Session Information
ERG SES F 06, Mathematics Education
Parallel paper session
Contribution
Huge economical investments have been done in Sweden to develop math education; still TIMSS (2007) shows deteriorate result compared to earlier studies. Furthermore, PISA (2009) shows that the part of low performing students significantly has increased. However, a powerful influence on pupils learning result that has been found lately is trustful relations between the pupils and the teacher (Hattie, 2009) – a professional competence teachers probably are more or less incline to develop. I have met some teachers who manage to meet pupils' differences in teaching, and I am fascinated by their social and relational professionalism. They are genuinely interested, and succeed in addressing pupils' diverse questions and experiences.

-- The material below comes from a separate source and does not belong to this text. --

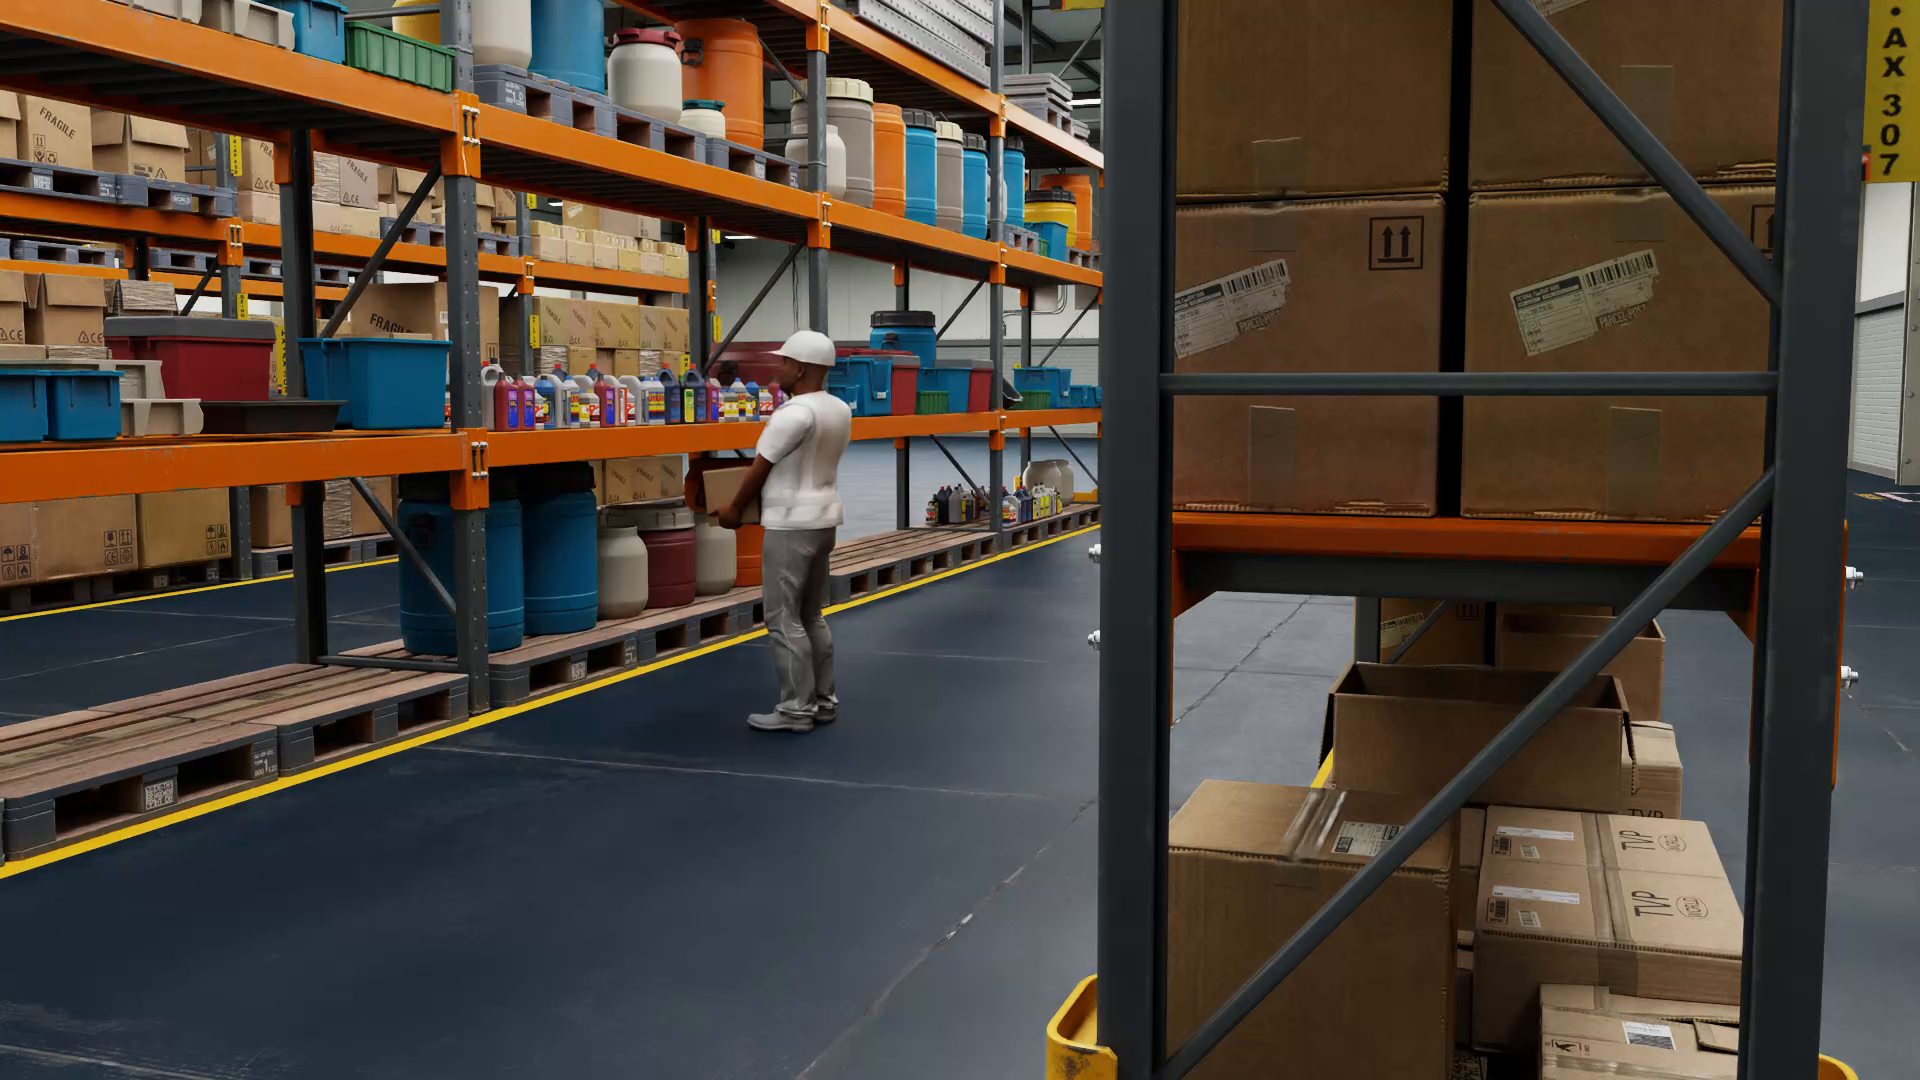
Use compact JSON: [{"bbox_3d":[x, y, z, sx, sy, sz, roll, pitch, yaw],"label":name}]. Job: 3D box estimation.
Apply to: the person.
[{"bbox_3d":[-0.809,-0.046,7.410,0.586,1.760,0.503,2,5,20],"label":"person"}]
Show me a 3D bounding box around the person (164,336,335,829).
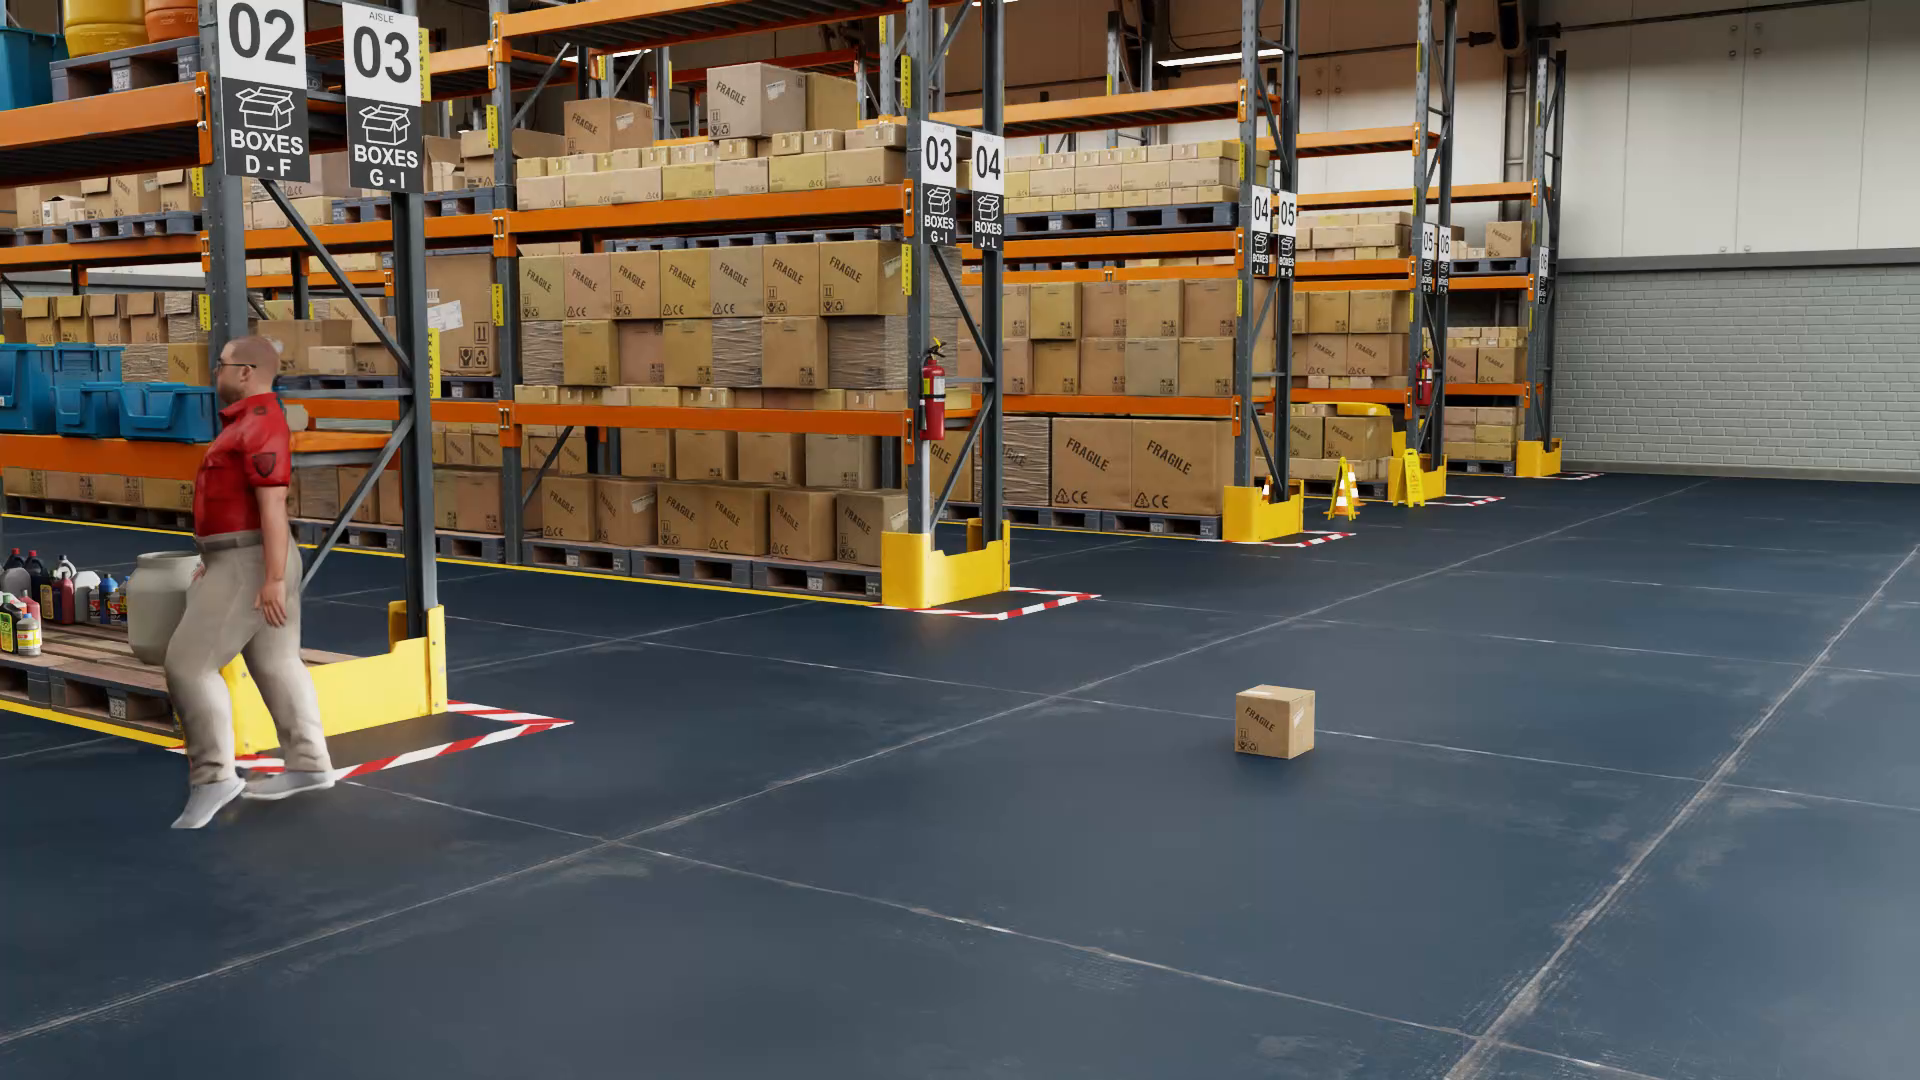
[{"bbox_3d":[-2.618,0.165,6.069,0.566,1.807,0.589,-2,7,-17],"label":"person"}]
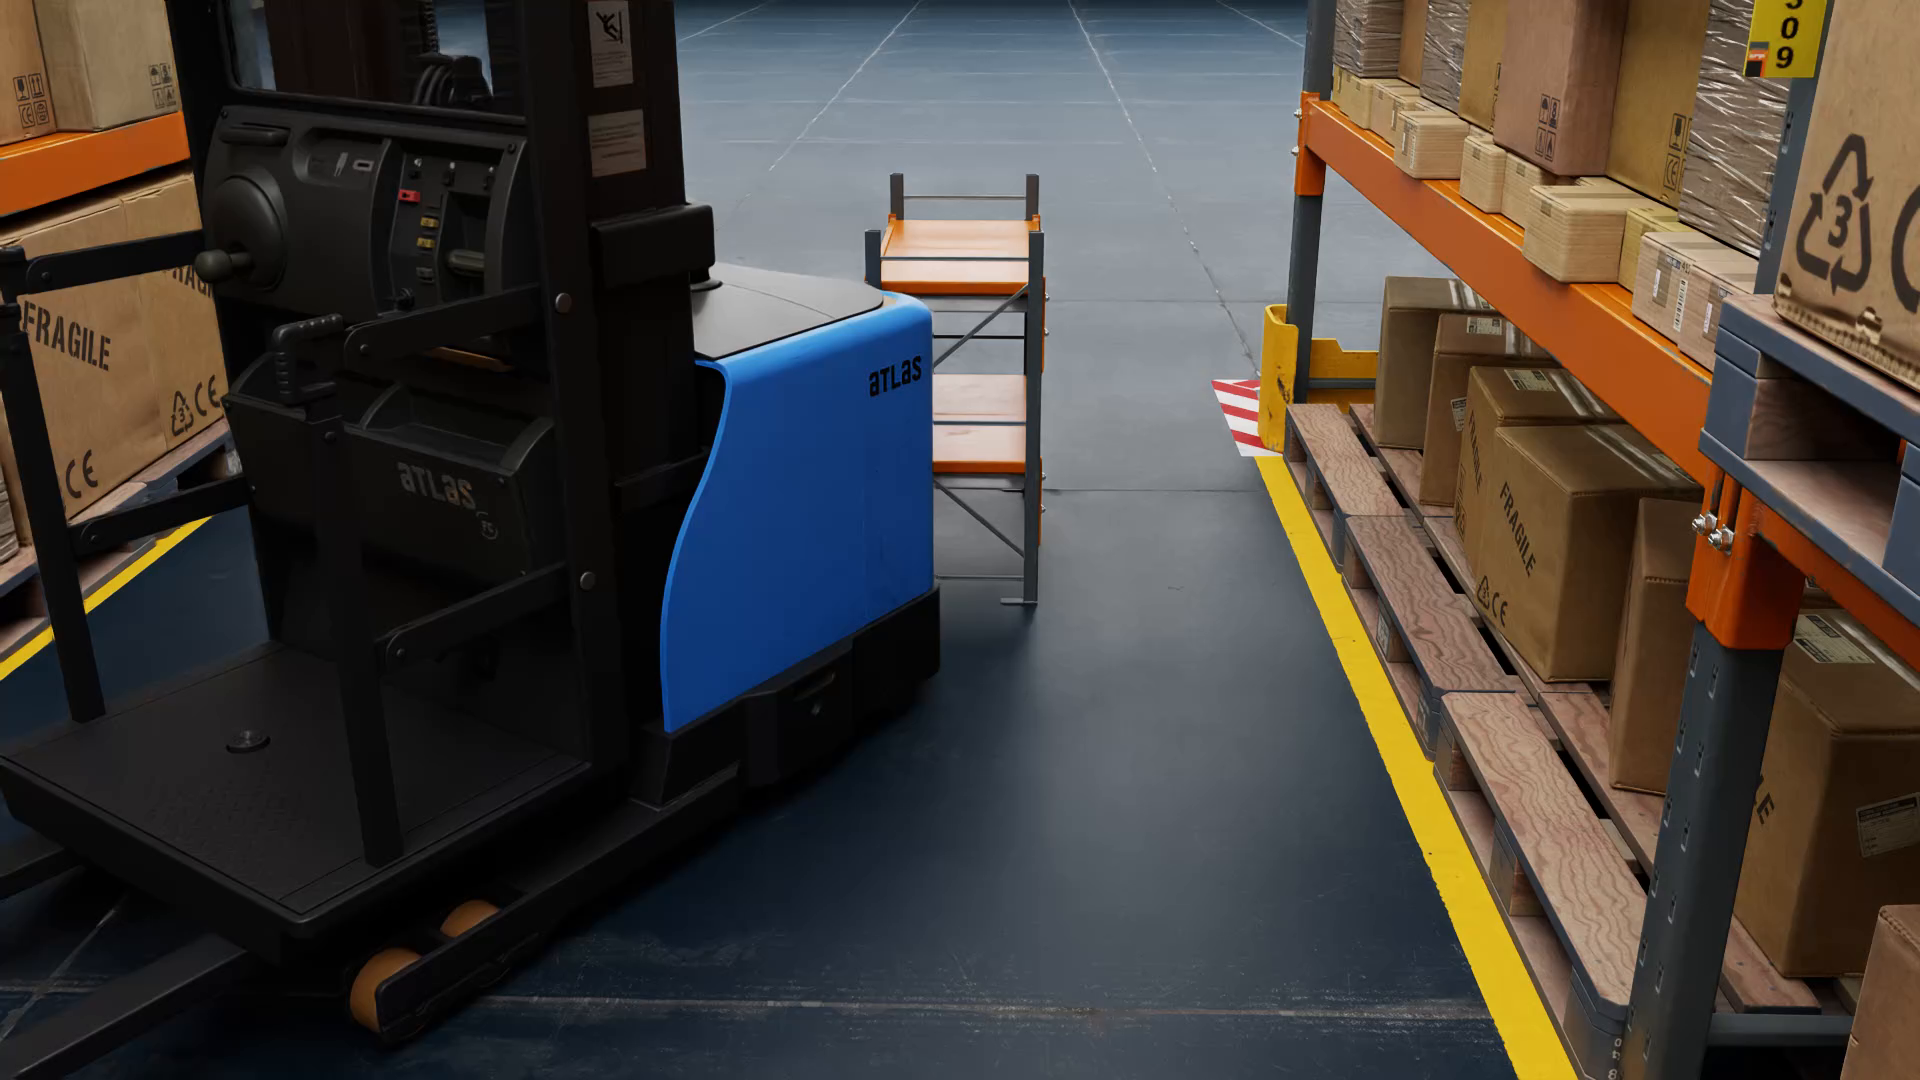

They show a relational professionalism which seems to have been developed in practice since they left university. How can these social, relational and ethical dimensions of math teaching become visible and put into words for future teacher education? Today these aspects are not in focus of math teaching programs in universities, nor in the field of math education research. Referring to Aspelin & Persson (2011), I see a study which aims to reveal and improve the understanding and the importance of relation processes in education.
My research proposal is based on a unique selection process. The Childs Rights Convention (2007) emphasizes the child's right to education (Article 28) where the education should be aimed at developing the child's full potential in terms of personality, talents, physical and mental capacity (Article 29). It is essential to realize the child's right to be heard and respected within children's involvement in the learning process (Article 12). In this study the pupils have described to me as a researcher, some teachers who succeed in their relational work and could be of importance to study. This is an important child perspective that is seldom used in research. By following this group of teachers in practice I will focus on how they create, develop and maintain successful relational processes. Another question is if they develop a dialogue with mutual consideration of diversity, where differences and respect for the Other person (Levinas, 1969) is included? An unpredictable process in which one can never know how the Other responds in the next moment (Aspelin 2010; Ljungblad: 2010; Ljungblad & Lennerstad, 2011). How do these teachers handle diversity in education – as a disturbance from the outside or not? This is an interesting research question within math culture when all children learn mathematics, and presents an opportunity where new professional knowledge can be developed.
This study intends to build upon the following approaches;
Pedagogical relational work (Mead, 1934; Buber, 1994; Aspelin, 2010)
Socio-cultural and historical theory (Vygotsky, 1978; Säljö, 2000)
Power, Ethics, Diversity and Differences (Arendt, 2008; Levinas, 1969; Biesta, 2006; Säfström, 2005)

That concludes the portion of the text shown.